Decide whether the following statements are true or false. Provide counterexamples for those that are false, and supply proofs for those that are true.
(a) An open set that contains every rational number must necessarily be all of $\mathbf{R}$.
(b) The Nested Interval property remains true if the term "closed interval" is replaced by "closed set".
(c) Every nonempty open set contains a rational number.
(d) Every bounded infinite closed set contains a rational number.
(e) The Cantor Set is closed.
My Attempt.
(a) I think that this proposition is true. We proceed by contradiction. Let $O \supseteq \mathbf{Q}$ be an open set containing all the rationals. Assume that this is not the whole of $\mathbf{R}$. Then, $\exists x \in O^C \cap \mathbf{R}$. Since $O^C$ is a closed set, there exists a sequence of rational numbers $(q_n) \in O^C$, such that $\lim q_n = x$, with $q_n \ne x$ for all $n \in\mathbf{N}$. But, this implies $O \not\supseteq Q$. This leads to a contradiction. Hence, our initial assumption is false.
(b) I could not think of counterexamples here. For instance, consider the decreasing sequence of closed sets
\begin{align*}
A_n = \left\{-\frac{1}{n},\frac{1}{n}\right\}
\end{align*}
We have $A_1 \supseteq A_2 \supseteq A_3 \ldots$ and $\cap_{n=1}^{\infty} A_n = \{0\} \ne \emptyset$.
Another example could be,
\begin{align*}
A_n = \left\{-1-\frac{1}{n},1+\frac{1}{n}\right\}
\end{align*}
(c) Let $O$ be a non-empty open set and say, $x \in O$. Then, there exists an $\epsilon$-neighbourhood $V_\epsilon(x)$ such that $V_\epsilon(x) \subseteq O$. Since, $(x-\epsilon,x] \subseteq O$, and the set of real numbers $\mathbf{R}$ are dense in $\mathbf{Q}$, there exists a rational number $m/n$ between the two reals $x – \epsilon < \frac{m}{n} < x$. So, every non-empty open set $O$ contains a rational number.

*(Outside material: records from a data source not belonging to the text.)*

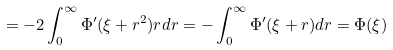Convert formula to latex. <formula><loc_0><loc_0><loc_500><loc_500>= - 2 \int _ { 0 } ^ { \infty } \Phi ^ { \prime } ( \xi + r ^ { 2 } ) r d r = - \int _ { 0 } ^ { \infty } \Phi ^ { \prime } ( \xi + r ) d r = \Phi ( \xi )</formula> 
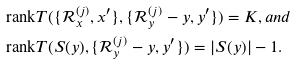Convert formula to latex. <formula><loc_0><loc_0><loc_500><loc_500>& \text {rank} T ( \{ \mathcal { R } ^ { ( j ) } _ { x } , x ^ { \prime } \} , \{ \mathcal { R } ^ { ( j ) } _ { y } - y , y ^ { \prime } \} ) = K , a n d \\ & \text {rank} T ( S ( y ) , \{ \mathcal { R } ^ { ( j ) } _ { y } - y , y ^ { \prime } \} ) = | S ( y ) | - 1 .</formula> 
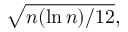Convert formula to latex. <formula><loc_0><loc_0><loc_500><loc_500>{ \sqrt { n ( \ln n ) / 1 2 } } ,</formula>

(d) Consider the bounded infinite closed sets
\begin{align*}
A_n = \left\{1 + \frac{1}{n}:n \in \mathbf{N}\right\} \cup \{1\}
\end{align*}
\begin{align*}
B_n = \left\{\frac{1}{(\sqrt{2})^{2n-1}}:n \in \mathbf{N}\right\} \cup \{0\}
\end{align*}
\begin{align*}
C_n = \left\{x_n: x_{n+1} = \frac{1}{2}\left(x_n + \frac{2}{x_n}, x_1 = 1\right)\right\} \cup \{\sqrt{2}\}
\end{align*}
$A_n, B_n, C_n$ contain rational numbers. I couldn't think of a counterexample here.
By AoC, every bounded infinite closed subset of $\mathbf{R}$ has a least upper bound. Let $s = \sup A$. Since, $A$ is closed, $s \in A$. We have a dichotomy: either (i) the supremum is irrational or (ii) the supremum is rational number. If $s$ is rational, then we are done. If $s$ is irrational and then there exists a sequence of rationals in $A$, such that $\absval{q – s} < \epsilon$.

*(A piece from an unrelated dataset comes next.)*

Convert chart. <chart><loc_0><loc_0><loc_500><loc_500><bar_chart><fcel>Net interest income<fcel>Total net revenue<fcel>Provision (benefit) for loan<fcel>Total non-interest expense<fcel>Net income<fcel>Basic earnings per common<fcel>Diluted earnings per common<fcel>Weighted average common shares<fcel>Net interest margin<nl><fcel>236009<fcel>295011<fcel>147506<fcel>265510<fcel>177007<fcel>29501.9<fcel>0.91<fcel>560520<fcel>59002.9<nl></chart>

(e) The Cantor set is the limit set formed by recursively removing the open middle one-thirds. So, \begin{align*}
C = [0,1] – \left[\left(\frac{1}{3},\frac{2}{3}\right) \cup \left(\frac{1}{9},\frac{2}{9}\right) \cup \left(\frac{7}{9},\frac{8}{9}\right) \ldots \right]
\end{align*}
The countable union of open sets is open. Since $C$ is the complement of an open set, it is closed.
Best Answer
(a) This is false: $\Bbb R\setminus\left\{\pi\right\}\ne\Bbb R$.
(b) It is also false: $\displaystyle\bigcap_{n\in\Bbb N}[n,\infty)=\emptyset$.
(c) True, since $\Bbb Q$ is dense in $\Bbb R$. Indeed, that's what “dense” means.
(d) It is false. Take, say, $\displaystyle\{\pi\}\cup\left\{\pi+\frac1n\,\middle|\,n\in\Bbb N\right\}$.
(e) Your answer is correct.